Я согласен с тобой и со своей мамой, что родственники должны жить отдельно – в нормальных, не военных условиях, что мы с тобой и выполним, если все будет для нас благополучно.
В течение этой недели сидел в своей казарме. Настроение было неважным – в связи со скукой и жаждой деятельности разумной и полезной. С сегодняшнего дня у нас началась перестройка занятий по другому принципу. Произошла новая разбивка по группам, и я попал в группу «прочие», т.е. не имеющие специальностей, соответствующих специализации нашего управления. Либо нас будут переподготавливать, либо переведут в другие управления.
Мама мне написала, что Олечка уже умеет говорить «папа». Это ты научила ее, моя женушка. Целую тебя, моя радость, Рушенька, крепко и горячо. Не скучай, любимая, и жди меня.
Всегда и неизменно любящий тебя твой муж Дима».
«Москва, 19 апреля 42 г.
Воскресенье
Милая, дорогая моя! Давно я не получал твоих писем, прошло уже больше 2-х недель с тех пор. Ты мне писала, что и сама редко получаешь мои, но я пишу тебе каждую неделю и буду писать еще чаще, как только позволит обстановка.
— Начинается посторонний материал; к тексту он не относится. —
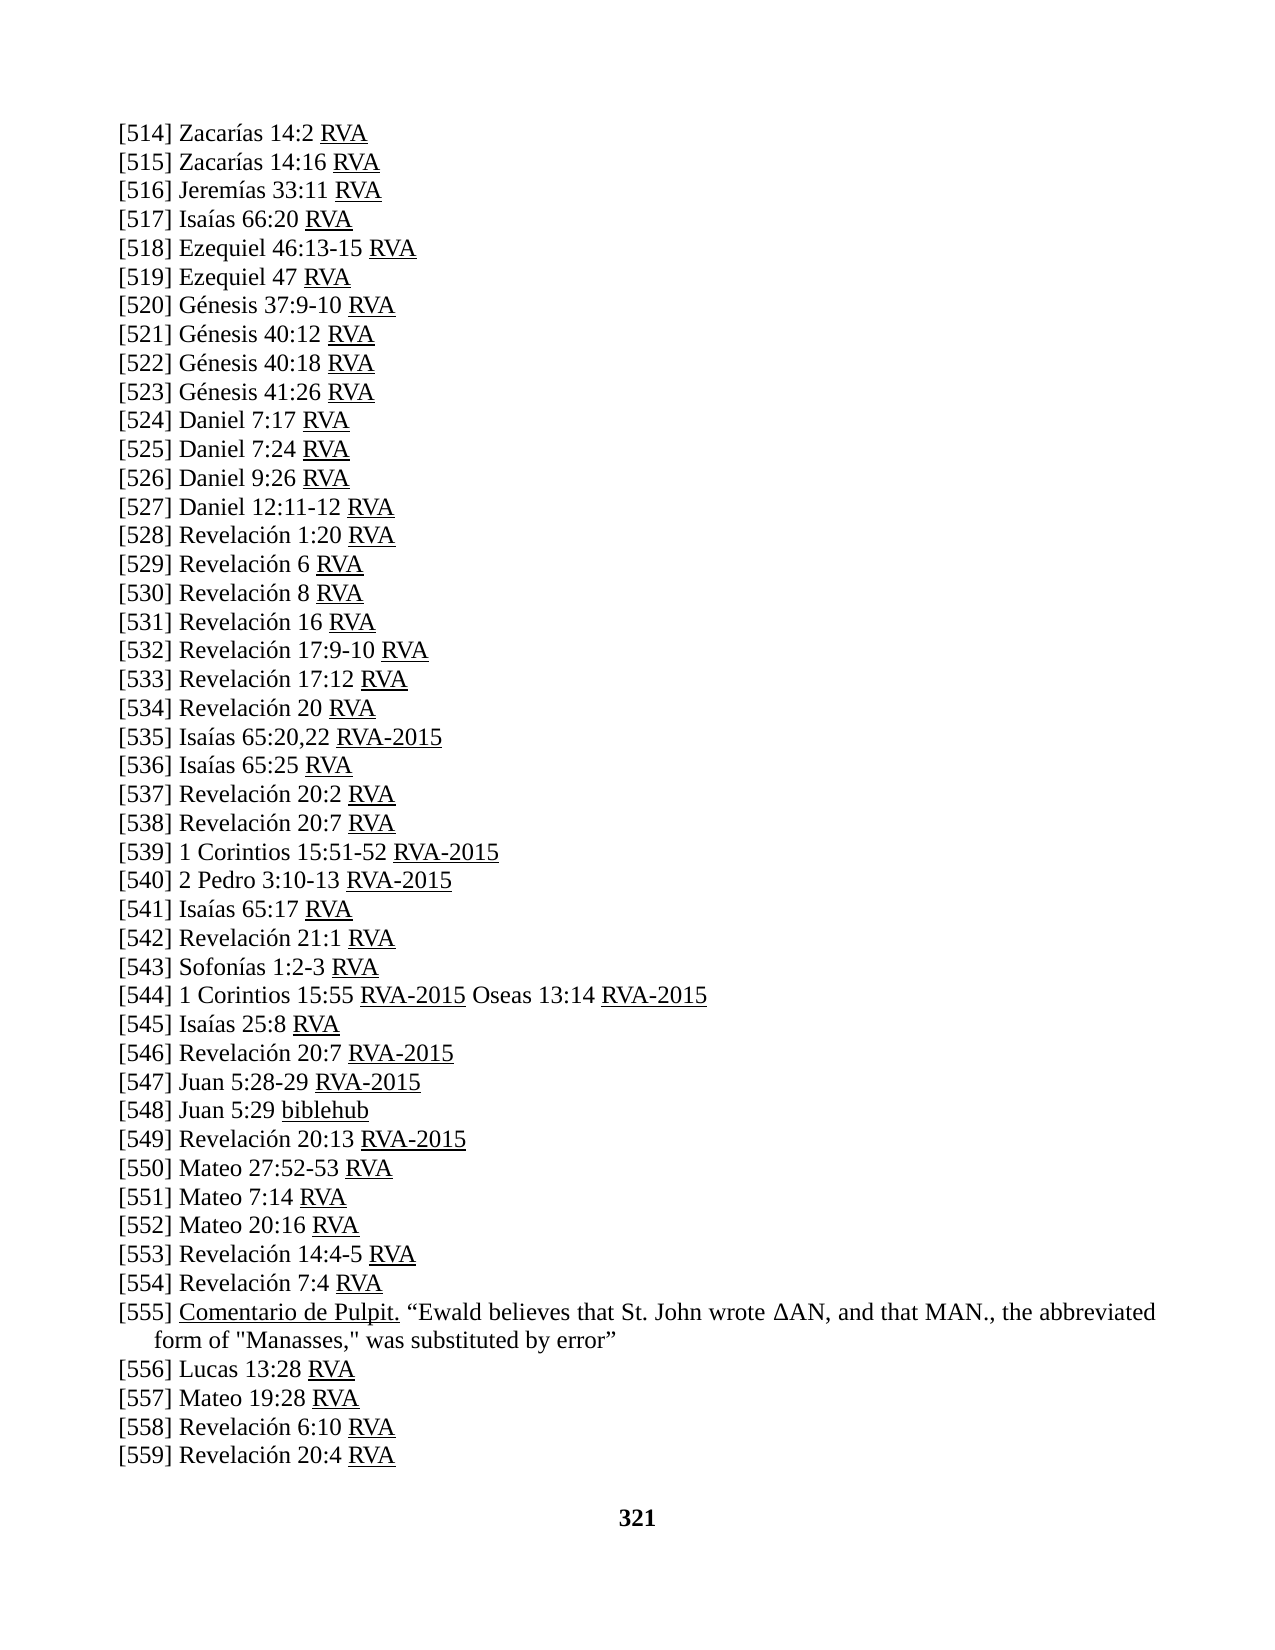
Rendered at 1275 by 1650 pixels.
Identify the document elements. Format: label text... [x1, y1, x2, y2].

text Génesis 37:9-10 RVA [118, 291, 1157, 319]
text Isaías 66:20 RVA [118, 204, 1157, 233]
text 2 Pedro 3:10-13 RVA-2015 [118, 866, 1157, 894]
text Daniel 9:26 RVA [118, 463, 1157, 492]
text Mateo 19:28 RVA [118, 1383, 1157, 1412]
text Revelación 8 RVA [118, 578, 1157, 607]
text Comentario de Pulpit. “Ewald believes that St. John wrote ΔΑΝ, and that MAN., the abbreviated form of "Manasses," was substituted by error” [118, 1297, 1157, 1354]
text Génesis 40:12 RVA [118, 319, 1157, 348]
text Ezequiel 47 RVA [118, 262, 1157, 291]
text 1 Corintios 15:55 RVA-2015 Oseas 13:14 RVA-2015 [118, 981, 1157, 1009]
text Revelación 1:20 RVA [118, 521, 1157, 549]
text Génesis 40:18 RVA [118, 348, 1157, 377]
text Isaías 65:20,22 RVA-2015 [118, 722, 1157, 751]
text Daniel 12:11-12 RVA [118, 492, 1157, 521]
text Ezequiel 46:13-15 RVA [118, 233, 1157, 262]
text Revelación 6:10 RVA [118, 1412, 1157, 1441]
text Zacarías 14:16 RVA [118, 147, 1157, 176]
text Isaías 65:17 RVA [118, 894, 1157, 923]
text Juan 5:28-29 RVA-2015 [118, 1067, 1157, 1096]
text Isaías 65:25 RVA [118, 751, 1157, 779]
text 1 Corintios 15:51-52 RVA-2015 [118, 837, 1157, 866]
text Lucas 13:28 RVA [118, 1354, 1157, 1383]
text Mateo 7:14 RVA [118, 1182, 1157, 1211]
text Revelación 20:7 RVA-2015 [118, 1038, 1157, 1067]
text Juan 5:29 biblehub [118, 1096, 1157, 1124]
text Sofonías 1:2-3 RVA [118, 952, 1157, 981]
text Revelación 17:9-10 RVA [118, 636, 1157, 664]
text Revelación 20 RVA [118, 693, 1157, 722]
text Mateo 27:52-53 RVA [118, 1153, 1157, 1182]
text Jeremías 33:11 RVA [118, 176, 1157, 204]
text Génesis 41:26 RVA [118, 377, 1157, 406]
text Revelación 6 RVA [118, 549, 1157, 578]
text Mateo 20:16 RVA [118, 1211, 1157, 1239]
text Revelación 17:12 RVA [118, 664, 1157, 693]
text Revelación 20:13 RVA-2015 [118, 1124, 1157, 1153]
text Revelación 16 RVA [118, 607, 1157, 636]
text Revelación 21:1 RVA [118, 923, 1157, 952]
text Daniel 7:17 RVA [118, 406, 1157, 434]
text Revelación 7:4 RVA [118, 1268, 1157, 1297]
text Zacarías 14:2 RVA [118, 118, 1157, 147]
text Isaías 25:8 RVA [118, 1009, 1157, 1038]
text Revelación 20:7 RVA [118, 808, 1157, 837]
text Revelación 14:4-5 RVA [118, 1239, 1157, 1268]
text Daniel 7:24 RVA [118, 434, 1157, 463]
text Revelación 20:2 RVA [118, 779, 1157, 808]
text Revelación 20:4 RVA [118, 1441, 1157, 1469]

Задержки бывают по вине почты.
Сегодня я впервые за два месяца дежурю по батальону. Заступил вчера на дежурство. Вчера мне не пришлось быть у теток, чтобы узнать, не пришли ли письма от тебя, любимая, сегодня тоже не придется быть. Наверное, завтра что-нибудь получу.
Письма твои отрада для меня, потому что я люблю тебя, моя ненаглядная Руша! На душе без них тоскливо… Пошел третий месяц, как я здесь. Подумать только, дочурке нашей скоро будет годик: до мая остались считанные дни и затем еще 26 дней… Вчера, дорогая, я видел новую картину, которая, без сомнения, еще не демонстрируется в вашей глуши, картину под названием «Машенька». Она вновь вызвала в моей памяти так много воспоминаний о тебе, о нашем счастье в прошлом. Кроме того, фильм этот сопровождается вальсом Глазунова, столь мне знакомым, напоминающим о мирной жизни.
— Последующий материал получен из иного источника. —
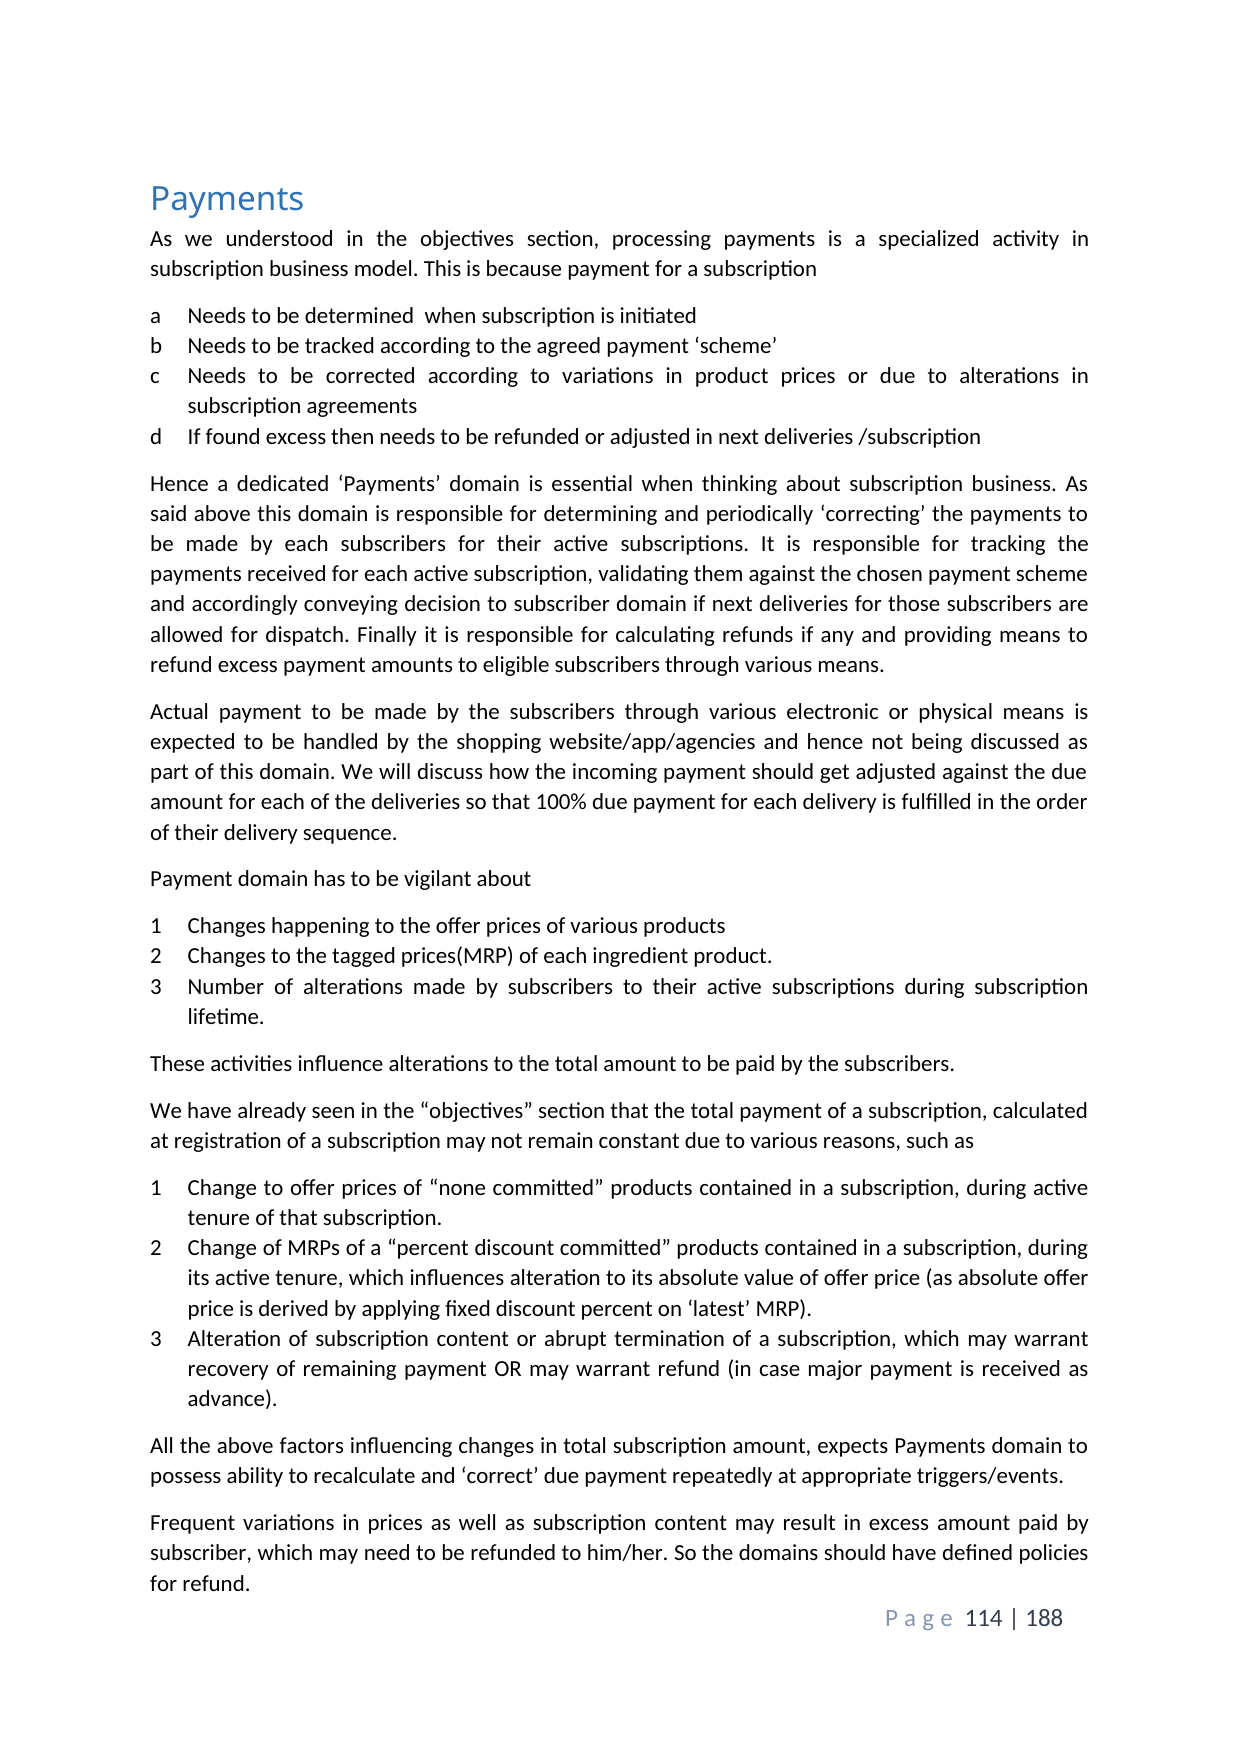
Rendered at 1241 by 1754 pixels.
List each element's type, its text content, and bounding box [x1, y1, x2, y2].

Погода стоит прекрасная, хоть весна и запаздывает. У вас, наверное, тоже. В Москве все последние дни, пожалуй, уже недели с две, спокойно, тревог нет.
Дальнейшие перспективы таковы: переквалификация по автоделу, если только меня не переведут в другое управление. Для этого могут отправить куда-нибудь на восток. Но пока еще ничего неясно, буду писать тебе о своих делах.
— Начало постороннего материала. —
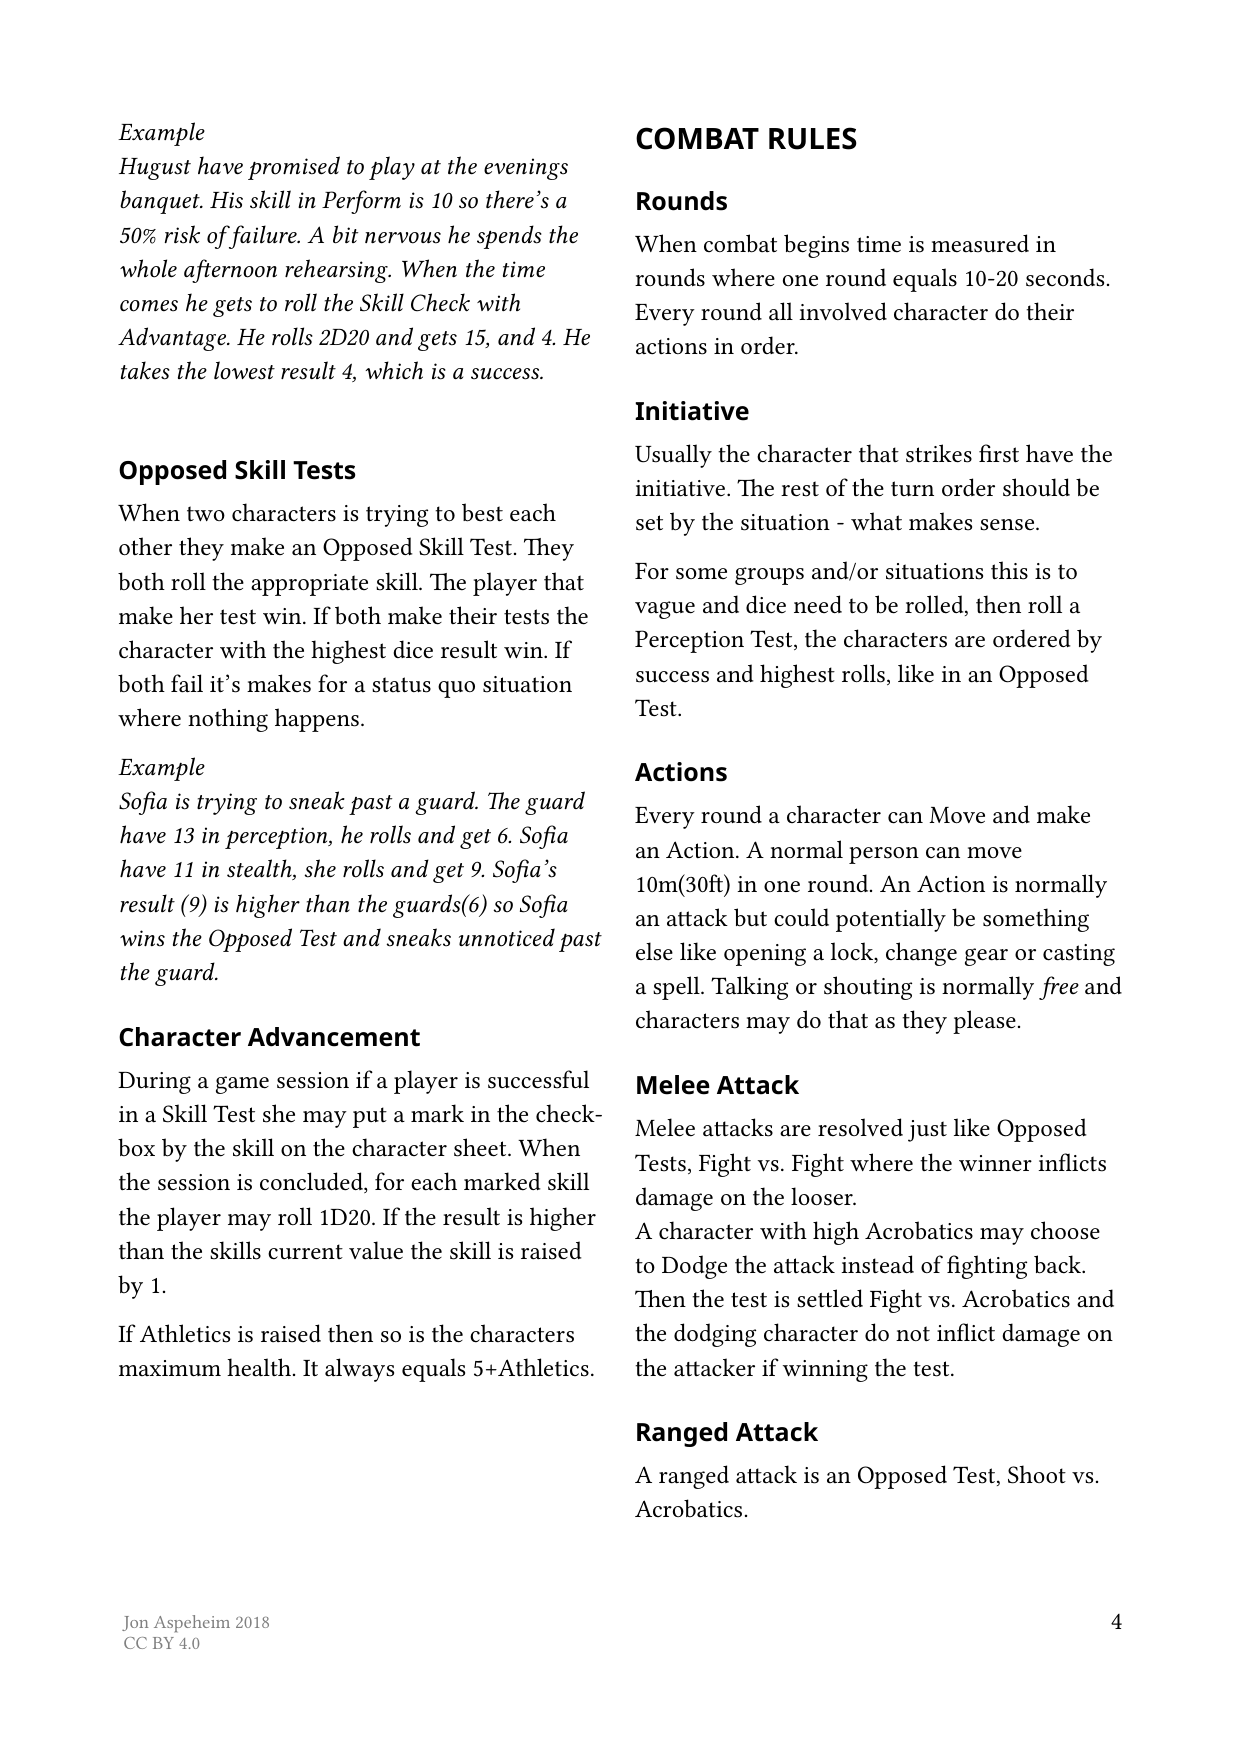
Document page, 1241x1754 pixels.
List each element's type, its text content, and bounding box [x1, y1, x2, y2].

text When combat begins time is measured in rounds where one round equals 10-20 seconds. Every round all involved character do their actions in order. [635, 230, 1122, 361]
text If Athletics is raised then so is the characters maximum health. It always equals 5+Athletics. [118, 1319, 605, 1416]
text Example Sofia is trying to sneak past a guard. The guard have 13 in perception, he rolls and get 6. Sofia have 11 in stealth, she rolls and get 9. Sofia’s result (9) is higher than the guards(6) so Sofia wins the Opposed Test and sneaks unnoticed past the guard. [118, 753, 605, 987]
subtitle Actions [635, 755, 1122, 789]
subtitle COMBAT RULES [635, 118, 1122, 158]
subtitle Initiative [635, 393, 1122, 427]
subtitle Melee Attack [635, 1068, 1122, 1102]
subtitle Rounds [635, 183, 1122, 217]
subtitle Opposed Skill Tests [118, 453, 605, 487]
text When two characters is trying to best each other they make an Opposed Skill Test. They both roll the appropriate skill. The player that make her test win. If both make their tests the character with the highest dice result win. If both fail it’s makes for a status quo situation where nothing happens. [118, 499, 605, 733]
text Usually the character that strikes first have the initiative. The rest of the turn order should be set by the situation - what makes sense. [635, 440, 1122, 537]
subtitle Ranged Attack [635, 1415, 1122, 1449]
text Example Hugust have promised to play at the evenings banquet. His skill in Perform is 10 so there’s a 50% risk of failure. A bit nervous he spends the whole afternoon rehearsing. When the time comes he gets to roll the Skill Check with Advantage. He rolls 2D20 and gets 15, and 4. He takes the lowest result 4, which is a success. [118, 118, 605, 420]
text A ranged attack is an Opposed Test, Shoot vs. Acrobatics. [635, 1461, 1122, 1524]
text During a game session if a player is successful in a Skill Test she may put a mark in the check-box by the skill on the character sheet. When the session is concluded, for each marked skill the player may roll 1D20. If the result is higher than the skills current value the skill is raised by 1. [118, 1066, 605, 1299]
text For some groups and/or situations this is to vague and dice need to be rolled, then roll a Perception Test, the characters are ordered by success and highest rolls, like in an Opposed Test. [635, 557, 1122, 722]
text Melee attacks are resolved just like Opposed Tests, Fight vs. Fight where the winner inflicts damage on the looser. A character with high Acrobatics may choose to Dodge the attack instead of fighting back. Then the test is settled Fight vs. Acrobatics and the dodging character do not inflict damage on the attacker if winning the test. [635, 1114, 1122, 1382]
subtitle Character Advancement [118, 1019, 605, 1053]
text Every round a character can Move and make an Action. A normal person can move 10m(30ft) in one round. An Action is normally an attack but could potentially be something else like opening a lock, change gear or casting a spell. Talking or shouting is normally free and characters may do that as they please. [635, 802, 1122, 1035]

Будь же здорова, моя дорогая, ненаглядная, любимая. Целую тебя, моя Рушенька, горячо и крепко.
Твой, всегда любящий и скучающий без тебя муж твой Димитрий».
В письмах всё фамилии, фамилии общих знакомых: один на ответственной работе, другой убит, а жена его уже в новом браке… Ночная бомбежка… Скудное питание… Но вдруг дедушка получает деньги сразу от нескольких родных – и… Кто-то, наверное, осудит: жена и дочь меняют одежду на еду, а он взял – и пошел в ресторан! Я бы, кстати, точно так же на его месте поступила, потому что ресторан тут, уверена, – не просто ради сытной еды появился, а чтобы вновь обрести простое, подзабытое чувство: я – человек, а не униженная тварь. Почти что: «Тварь я дрожащая или право имею?».